- _Task instructions_
Whenever the word "Continuous" turns up in a line of the data below, copy that line.

- _Records from a dataset_
# # # # #

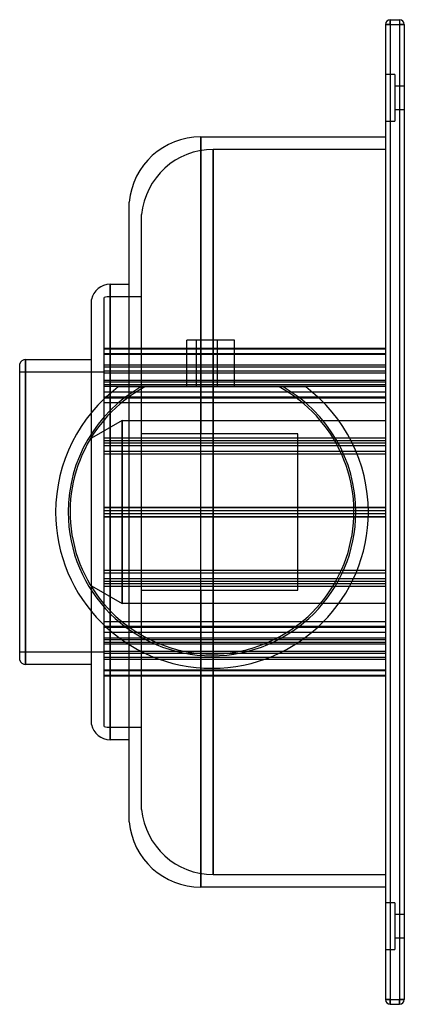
# Model space of a CAD drawing. Header units: millimetres. Extents: x -62 to 62, y -158 to 158.
import ezdxf

# ---------------------------------------------------------------- set-up
doc = ezdxf.new("R2010")
doc.units = ezdxf.units.MM
doc.layers.add('HIDDEN', color=7, linetype='Continuous')
doc.layers.add('THICK', color=7, linetype='Continuous')

msp = doc.modelspace()

# ---------------------------------------------------------------- linework, layer by layer
at = {"layer": 'HIDDEN'}
for p, q in [((57, 157.5), (57, 156)), ((57, 157.5), (57, 157.5)), ((60, 157.5), (60, 156)), ((60, 157.5), (60, 157.5)), ((57, 156), (55.5, 156)), ((55.5, 156), (55.5, 156)), ((57, 156), (60, 156)), ((57, 156), (57, -156)), ((61.5, 156), (60, 156)), ((60, 156), (60, -156)), ((61.5, 156), (61.5, 156)), ((58.5, 140), (55.5, 140)), ((58.5, 140), (55.5, 140)), ((58.5, 140), (58.5, 125)), ((61.5, 136.25), (58.5, 136.25)), ((61.5, 136.25), (58.5, 136.25)), ((58.5, 128.75), (61.5, 128.75)), ((58.5, 128.75), (61.5, 128.75)), ((55.5, 125), (58.5, 125)), ((55.5, 125), (58.5, 125)), ((-3.6, 120), (-3.6, 25)), ((0.4, 0), (0.4, 116)), ((55.5, 116), (0.4, 116)), ((0.4, 116), (0.4, 0)), ((55.5, 116), (55.5, -116)), ((-22.5, 0), (-22.5, 95.14)), ((-32.6, 72.88), (-32.6, 0)), ((-34.5, 0), (-34.5, 68.57)), ((-32.6, 0), (-32.6, 68.88)), ((-32.6, 68.88), (-32.6, 0)), ((-22.5, 68.88), (-32.6, 68.88)), ((-8, 40), (-8, 55)), ((-4.99, 55), (-8, 55)), ((-4.99, 40), (-4.99, 55)), ((-4.99, 40), (-4.99, 55)), ((1.78, 55), (-4.99, 55)), ((1.78, 40), (1.78, 55)), ((1.78, 40), (1.78, 55)), ((7.21, 55), (1.78, 55)), ((7.21, 40), (7.21, 55)), ((7.21, 55), (7.21, 55)), ((-34.5, 52.4), (55.5, 52.4)), ((-34.5, 52.2), (55.5, 52.2)), ((-34.5, 50.66), (55.5, 50.66)), ((-34.5, 50.46), (55.5, 50.46)), ((-59.6, 48.75), (-59.6, 0)), ((-34.5, 44.75), (-61.5, 44.75)), ((-34.5, 47.11), (55.5, 47.11)), ((-34.5, 46.44), (55.5, 46.44)), ((-34.5, 45.15), (55.5, 45.15)), ((-34.5, 44.5), (55.5, 44.5)), ((-34.5, 42.22), (55.5, 42.22)), ((-34.5, 41.66), (55.5, 41.66)), ((-34.5, 40.83), (55.5, 40.83)), ((-34.5, 40.26), (55.5, 40.26)), ((-34.5, 38.45), (55.5, 38.45)), ((-29.98, 40), (-30, 40)), ((-30, 40), (-30, 40)), ((-29.92, 40), (-29.98, 40)), ((-29.82, 40), (-29.92, 40)), ((-29.69, 40), (-29.82, 40)), ((-29.54, 40), (-29.69, 40)), ((-29.35, 40), (-29.54, 40)), ((-29.14, 40), (-29.35, 40)), ((-28.91, 40), (-29.14, 40)), ((-28.67, 40), (-28.91, 40)), ((-28.43, 40), (-28.67, 40)), ((-28.17, 40), (-28.43, 40)), ((-27.9, 40), (-28.17, 40)), ((-27.62, 40), (-27.9, 40)), ((-27.32, 40), (-27.62, 40)), ((-27.03, 40), (-27.32, 40)), ((-26.73, 40), (-27.03, 40)), ((-26.44, 40), (-26.73, 40)), ((-26.15, 40), (-26.44, 40)), ((-25.85, 40), (-26.15, 40)), ((-25.55, 40), (-25.85, 40)), ((-25.24, 40), (-25.55, 40)), ((-24.92, 40), (-25.24, 40)), ((-24.6, 40), (-24.92, 40)), ((-24.28, 40), (-24.6, 40)), ((-23.96, 40), (-24.28, 40)), ((-23.64, 40), (-23.96, 40)), ((-23.32, 40), (-23.64, 40)), ((-23.02, 40), (-23.32, 40)), ((-22.72, 40), (-23.02, 40)), ((22.72, 40), (-22.72, 40)), ((7.21, 40), (7.21, 40)), ((23.02, 40), (22.72, 40)), ((23.32, 40), (23.02, 40)), ((23.64, 40), (23.32, 40)), ((23.96, 40), (23.64, 40)), ((24.28, 40), (23.96, 40)), ((24.6, 40), (24.28, 40)), ((24.92, 40), (24.6, 40)), ((25.24, 40), (24.92, 40)), ((25.55, 40), (25.24, 40)), ((25.85, 40), (25.55, 40)), ((26.15, 40), (25.85, 40)), ((26.44, 40), (26.15, 40)), ((26.73, 40), (26.44, 40)), ((27.03, 40), (26.73, 40)), ((27.32, 40), (27.03, 40)), ((27.62, 40), (27.32, 40)), ((27.9, 40), (27.62, 40)), ((28.17, 40), (27.9, 40)), ((28.43, 40), (28.17, 40)), ((28.67, 40), (28.43, 40)), ((28.91, 40), (28.67, 40)), ((29.14, 40), (28.91, 40)), ((29.35, 40), (29.14, 40)), ((29.54, 40), (29.35, 40)), ((29.69, 40), (29.54, 40)), ((29.82, 40), (29.69, 40)), ((29.92, 40), (29.82, 40)), ((29.98, 40), (29.92, 40)), ((30, 40), (29.98, 40)), ((30, 40), (30, 40)), ((-34.5, 36.86), (55.5, 36.86)), ((-34.5, 36.57), (55.5, 36.57)), ((-34.5, 35.04), (55.5, 35.04)), ((-28.75, 29.25), (-38.5, 23.62)), ((-28.75, 29.25), (55.5, 29.25)), ((-28.75, 29.25), (-28.75, 0)), ((-28.75, 0), (-28.75, 29.25)), ((-34.5, 23.68), (55.5, 23.68)), ((-34.5, 22.91), (55.5, 22.91)), ((-34.5, 22.86), (55.5, 22.86)), ((-34.5, 22.17), (55.5, 22.17)), ((-34.5, 22.09), (55.5, 22.09)), ((-22.11, 25), (-22.5, 25)), ((-22.5, 25), (-22.5, 25)), ((-21.72, 25), (-22.11, 25)), ((-21.3, 25), (-21.72, 25)), ((-20.88, 25), (-21.3, 25)), ((-20.46, 25), (-20.88, 25)), ((-20.02, 25), (-20.46, 25)), ((-19.59, 25), (-20.02, 25)), ((-19.13, 25), (-19.59, 25)), ((-18.65, 25), (-19.13, 25)), ((-18.15, 25), (-18.65, 25)), ((-17.64, 25), (-18.15, 25)), ((-17.11, 25), (-17.64, 25)), ((-16.56, 25), (-17.11, 25)), ((-16, 25), (-16.56, 25)), ((-15.43, 25), (-16, 25)), ((-14.85, 25), (-15.43, 25)), ((-14.27, 25), (-14.85, 25)), ((-13.69, 25), (-14.27, 25)), ((-13.11, 25), (-13.69, 25)), ((-12.53, 25), (-13.11, 25)), ((-11.96, 25), (-12.53, 25)), ((-11.36, 25), (-11.96, 25)), ((-10.75, 25), (-11.36, 25)), ((-10.12, 25), (-10.75, 25)), ((-9.48, 25), (-10.12, 25)), ((-8.83, 25), (-9.48, 25)), ((-8.17, 25), (-8.83, 25)), ((-7.51, 25), (-8.17, 25)), ((-6.84, 25), (-7.51, 25)), ((-6.18, 25), (-6.84, 25)), ((-5.52, 25), (-6.18, 25)), ((-4.87, 25), (-5.52, 25)), ((-4.23, 25), (-4.87, 25)), ((-3.6, 25), (-4.23, 25)), ((27.5, 25), (-3.6, 25)), ((27.5, 25), (27.5, 25)), ((27.5, -25), (27.5, 25)), ((-34.5, 21.26), (55.5, 21.26)), ((-34.5, 19.46), (55.5, 19.46)), ((-34.5, 18.64), (55.5, 18.64)), ((-59.6, 0), (-59.6, -48.75)), ((-34.5, 1.5), (55.5, 1.5)), ((-34.5, 1.46), (55.5, 1.46)), ((-34.5, 0.45), (55.5, 0.45)), ((-34.5, 0.45), (55.5, 0.45)), ((-34.5, -68.57), (-34.5, 0)), ((-32.6, 0), (-32.6, -68.88)), ((-32.6, 0), (-32.6, -72.88)), ((-28.75, 0), (-28.75, -29.25)), ((-22.5, -95.14), (-22.5, 0)), ((0.4, 0), (0.4, -116)), ((-34.5, -0.45), (55.5, -0.45)), ((-34.5, -0.45), (55.5, -0.45)), ((-34.5, -1.46), (55.5, -1.46)), ((-34.5, -1.5), (55.5, -1.5)), ((-32.6, -68.88), (-32.6, 0)), ((-28.75, -29.25), (-28.75, 0)), ((0.4, -116), (0.4, 0)), ((-34.5, -18.64), (55.5, -18.64)), ((-34.5, -19.46), (55.5, -19.46)), ((-34.5, -21.26), (55.5, -21.26)), ((-38.5, -23.62), (-28.75, -29.25)), ((-34.5, -22.09), (55.5, -22.09)), ((-34.5, -22.17), (55.5, -22.17)), ((-34.5, -22.86), (55.5, -22.86)), ((-34.5, -22.91), (55.5, -22.91)), ((-34.5, -23.68), (55.5, -23.68)), ((-22.5, -25), (-22.5, -25)), ((-22.5, -25), (-22.11, -25)), ((-22.11, -25), (-21.72, -25)), ((-21.72, -25), (-21.3, -25)), ((-21.3, -25), (-20.88, -25)), ((-20.88, -25), (-20.46, -25)), ((-20.46, -25), (-20.02, -25)), ((-20.02, -25), (-19.59, -25)), ((-19.59, -25), (-19.13, -25)), ((-19.13, -25), (-18.65, -25)), ((-18.65, -25), (-18.15, -25)), ((-18.15, -25), (-17.64, -25)), ((-17.64, -25), (-17.11, -25)), ((-17.11, -25), (-16.56, -25)), ((-16.56, -25), (-16, -25)), ((-16, -25), (-15.43, -25)), ((-15.43, -25), (-14.85, -25)), ((-14.85, -25), (-14.27, -25)), ((-14.27, -25), (-13.69, -25)), ((-13.69, -25), (-13.11, -25)), ((-13.11, -25), (-12.53, -25)), ((-12.53, -25), (-11.96, -25)), ((-11.96, -25), (-11.36, -25)), ((-11.36, -25), (-10.75, -25)), ((-10.75, -25), (-10.12, -25)), ((-10.12, -25), (-9.48, -25)), ((-9.48, -25), (-8.83, -25)), ((-8.83, -25), (-8.17, -25)), ((-8.17, -25), (-7.51, -25)), ((-7.51, -25), (-6.84, -25)), ((-6.84, -25), (-6.18, -25)), ((-6.18, -25), (-5.52, -25)), ((-5.52, -25), (-4.87, -25)), ((-4.87, -25), (-4.23, -25)), ((-4.23, -25), (-3.6, -25)), ((-3.6, -25), (27.5, -25)), ((-3.6, -25), (-3.6, -120)), ((27.5, -25), (27.5, -25)), ((55.5, -29.25), (-28.75, -29.25)), ((-34.5, -35.04), (55.5, -35.04)), ((-34.5, -36.57), (55.5, -36.57)), ((-34.5, -36.86), (55.5, -36.86)), ((-34.5, -38.45), (55.5, -38.45)), ((-34.5, -40.26), (55.5, -40.26)), ((-34.5, -40.83), (55.5, -40.83)), ((-34.5, -41.66), (55.5, -41.66)), ((-34.5, -42.22), (55.5, -42.22)), ((-61.5, -44.75), (-34.5, -44.75)), ((-34.5, -44.5), (55.5, -44.5)), ((-34.5, -45.15), (55.5, -45.15)), ((-34.5, -46.44), (55.5, -46.44)), ((-34.5, -47.11), (55.5, -47.11)), ((-34.5, -50.46), (55.5, -50.46)), ((-34.5, -50.66), (55.5, -50.66)), ((-34.5, -52.2), (55.5, -52.2)), ((-34.5, -52.4), (55.5, -52.4)), ((-32.6, -68.88), (-22.5, -68.88)), ((0.4, -116), (55.5, -116)), ((58.5, -125), (55.5, -125)), ((58.5, -125), (55.5, -125)), ((58.5, -125), (58.5, -140)), ((61.5, -128.75), (58.5, -128.75)), ((61.5, -128.75), (58.5, -128.75)), ((58.5, -136.25), (61.5, -136.25)), ((58.5, -136.25), (61.5, -136.25)), ((55.5, -140), (58.5, -140)), ((55.5, -140), (58.5, -140)), ((57, -156), (55.5, -156)), ((55.5, -156), (55.5, -156)), ((57, -156), (57, -157.5)), ((57, -156), (60, -156)), ((57, -157.5), (57, -157.5)), ((60, -156), (60, -157.5)), ((61.5, -156), (60, -156)), ((60, -157.5), (60, -157.5)), ((61.5, -156), (61.5, -156))]:
    msp.add_line(p, q, dxfattribs=at)
for centre, radius, start, end in [((0.4, 93), 23, 90, 174.6552), ((-32.6, 62.88), 6, 90, 108.4614), ((0, 0), 50, 126.8699, 180), ((0, 0), 46, 119.5918, 180), ((0, 0), 45.38, 118.1856, 270), ((0, 0), 45.38, 270, 61.8144), ((0, 0), 46, 0, 60.4081), ((0, 0), 50, 0, 53.1301), ((0, 0), 46, 180, 0), ((0, 0), 50, 270, 0), ((0, 0), 50, 180, 270), ((-32.6, -62.88), 6, 251.5386, 270), ((0.4, -93), 23, 185.3448, 270)]:
    msp.add_arc(centre, radius, start, end, dxfattribs=at)
at = {"layer": 'THICK'}
for p, q in [((57, 156), (57, 157.5)), ((57, 157.5), (60, 157.5)), ((60, 157.5), (60, 156)), ((55.5, 156), (57, 156)), ((55.5, 156), (55.5, -156)), ((57, 156), (60, 156)), ((57, 156), (57, -156)), ((60, 156), (61.5, 156)), ((60, 156), (60, -156)), ((61.5, 156), (61.5, -156)), ((-3.6, 120), (55.5, 120)), ((-3.6, 0), (-3.6, 120)), ((-26.5, 0), (-26.5, 99.14)), ((-32.6, 0), (-32.6, 72.88)), ((-32.6, 72.88), (-26.5, 72.88)), ((-38.5, 0), (-38.5, 67.97)), ((-61.5, 0), (-61.5, 47.37)), ((-59.6, 0), (-59.6, 48.75)), ((-59.6, 48.75), (-38.5, 48.75)), ((-61.5, -47.37), (-61.5, 0)), ((-38.5, -67.97), (-38.5, 0)), ((-26.5, -99.14), (-26.5, 0)), ((-59.6, -48.75), (-59.6, 0)), ((-32.6, -72.88), (-32.6, 0)), ((-3.6, -120), (-3.6, 0)), ((-38.5, -48.75), (-59.6, -48.75)), ((-26.5, -72.88), (-32.6, -72.88)), ((55.5, -120), (-3.6, -120)), ((55.5, -156), (57, -156)), ((57, -156), (60, -156)), ((57, -157.5), (57, -156)), ((57, -157.5), (60, -157.5)), ((60, -156), (61.5, -156)), ((60, -157.5), (60, -156))]:
    msp.add_line(p, q, dxfattribs=at)
for centre, radius, start, end in [((57, 156), 1.5, 90, 180), ((60, 156), 1.5, 0, 90), ((-3.6, 97), 23, 90, 174.6552), ((-32.6, 66.88), 6, 90, 169.5246), ((-59.6, 46.75), 2, 89.9999, 161.8051), ((-59.6, -46.75), 2, 198.1949, 270.0001), ((-32.6, -66.88), 6, 190.4754, 270), ((-3.6, -97), 23, 185.3448, 270), ((57, -156), 1.5, 180, 270), ((60, -156), 1.5, 270, 0)]:
    msp.add_arc(centre, radius, start, end, dxfattribs=at)

doc.saveas('drawing.dxf')

# # # # #

- _Written solution_
doc.layers.add('HIDDEN', color=7, linetype='Continuous')
doc.layers.add('THICK', color=7, linetype='Continuous')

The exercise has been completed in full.